Старая записная книжка | страница 68



NN говорит о Вьельгорском: Personne n'est plus aimable que lui, mais a un mauvais diner il devient feroce (Нельзя быть любезнее его, но за дурным обедом он становится свирепым).

Зрелая девица (гуляя по набережной в лунную ночь): Максим, способен ли ты восхищаться луною? Слуга: Как прикажете, ваше превосходительство.

Политический разговор

X: Сами признайтесь, ведь Пальмерстон не глуп; вот, что он на это скажет.

NN (перебивая его): Нет, позвольте, если Пальмерстон что-нибудь скажет, то решительно не то, что вы скажете.

138*

Donna Sol

Oh! je voudrais savoir, ange au ciel reserve, Ou vous avez marche, pour baiser le pave[15].

Драма В. Гюго: Эрнани

В начале тридцатых годов драма Гюго Эрнани наделала много шуму в Париже, Этот шум откликнулся и в Петербурге. В самом деле, в ней много свежей поэзии, движения и драматических нововведений, в которых, может быть, нуждалась старая французская трагедия, не расиновская, не вольтеровская, имевшие достоинство свое, а трагедия времен Наполеона. Стихи из нового произведения поэта переходили из уст в уста и делались поговорками. В то самое время расцветала в Петербурге одна девица, и все мы, более или менее, были военнопленными красавицы; кто более или менее уязвленный, но все были задеты и тронуты. Кто-то из нас прозвал смуглую, южную, черноокую девицу Donna Sol — главною действующею личностью испанской драмы Гюго. Жуковский, который часто любит облекать поэтическую мысль выражением шуточным и удачно-пошлым, прозвал ее небесным дьяволенком. Кто хвалил ее черные глаза, иногда улыбающиеся, иногда огнестрельные; кто — стройное и маленькое ушко, эту аристократическую женскую примету, как ручка и как ножка; кто любовался ее красивою и своеобразною миловидностью. Иной готов был, глядя на нее, вспомнить старые, вовсе незвучные, стихи Востокова и воскликнуть:

О, какая гармония


В редкий сей ансамбль влита!

И заметим мимоходом, что она очень бы смеялась этим стихам: несмотря на свое обшественное положение, на светскость свою, она любила русскую поэзию и обладала тонким и верным поэтическим чутьем. Она угадывала (более того, она верно понимала) и все высокое и все смешное. Изящное стихотворение Пушкина приводило ее в восторг.
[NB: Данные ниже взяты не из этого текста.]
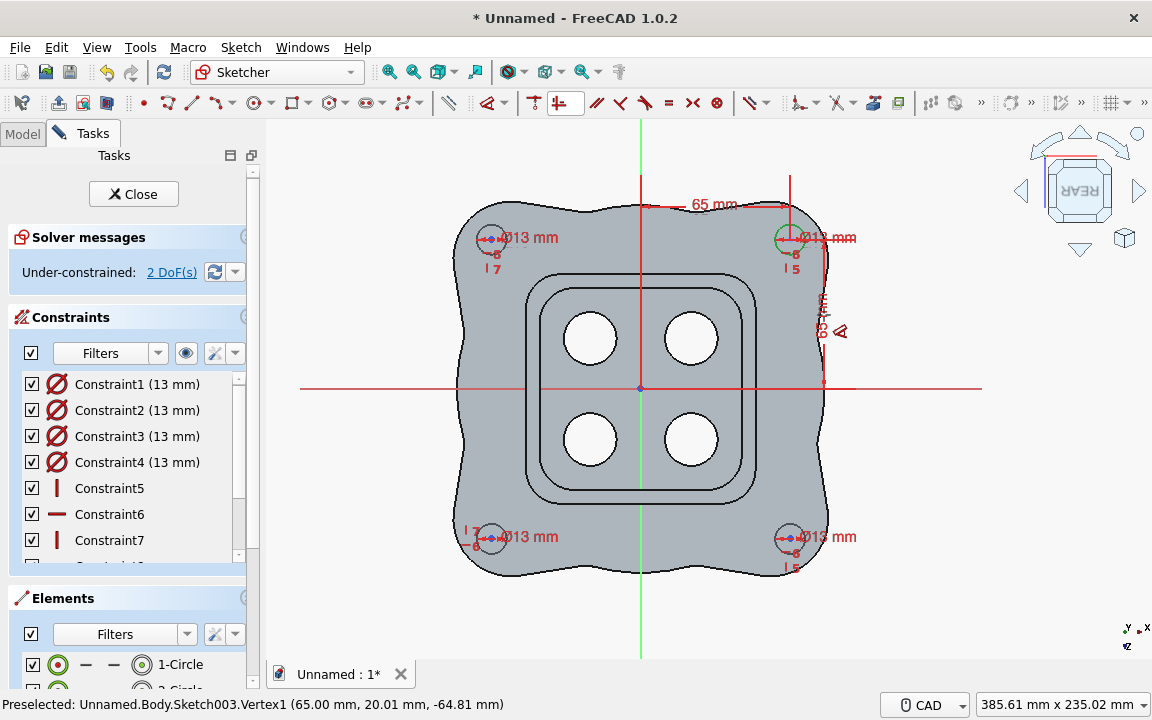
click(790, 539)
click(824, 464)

Переряженная и масленичная поэзия певца Курдюковой находила в ней сочувственный смех. Обыкновенно женщины худо понимают плоскости и пошлости; она понимала их и радовалась им, разумеется, когда они были не плоско-плоски и не пошло-пошлы. Женщины брезгливы и в деле искусства; у них во вкусе есть своя исключительность, свой педантизм, свой «чин чина почитай». Наша красавица умела постигать Рафаэля, но не отворачивалась от Теньера, ни от карикатуры Гогарта и даже Кома. Вообще увлекала она всех живостью своею, чуткостью впечатлений, остроумием, нередко поэтическим настроением. Прибавьте к этому, в противоположность, не лишенную прелести какую-то южную ленивость, усталость. В ней было что-то от севильской женственности. Вдруг эта мнимая бесстрастность расшевелится или теплым сочувствием всему прекрасному, доброму, возвышенному, или (да простят мне барыни выражение) ощетинится скептическим и язвительным отзывом на жизнь и на людей. Она была смесь противоречий, но эти противоречия были как музыкальные разнозвучия, которые, под рукою художника, сливаются в какое-то странное, но увлекательное созвучие. В ней были струны, которые откликались на все вопросы ума и на все напевы сердца. Были, может быть, струны, которые звучали пронзительно и просто неприятно; но это были звуки отдельные, обрывистые, мимолетучие. Впрочем, и эта разноголосица имеет свою раздражительную прелесть: когда сердишься на женщину — это несомненный знак, что ее любишь.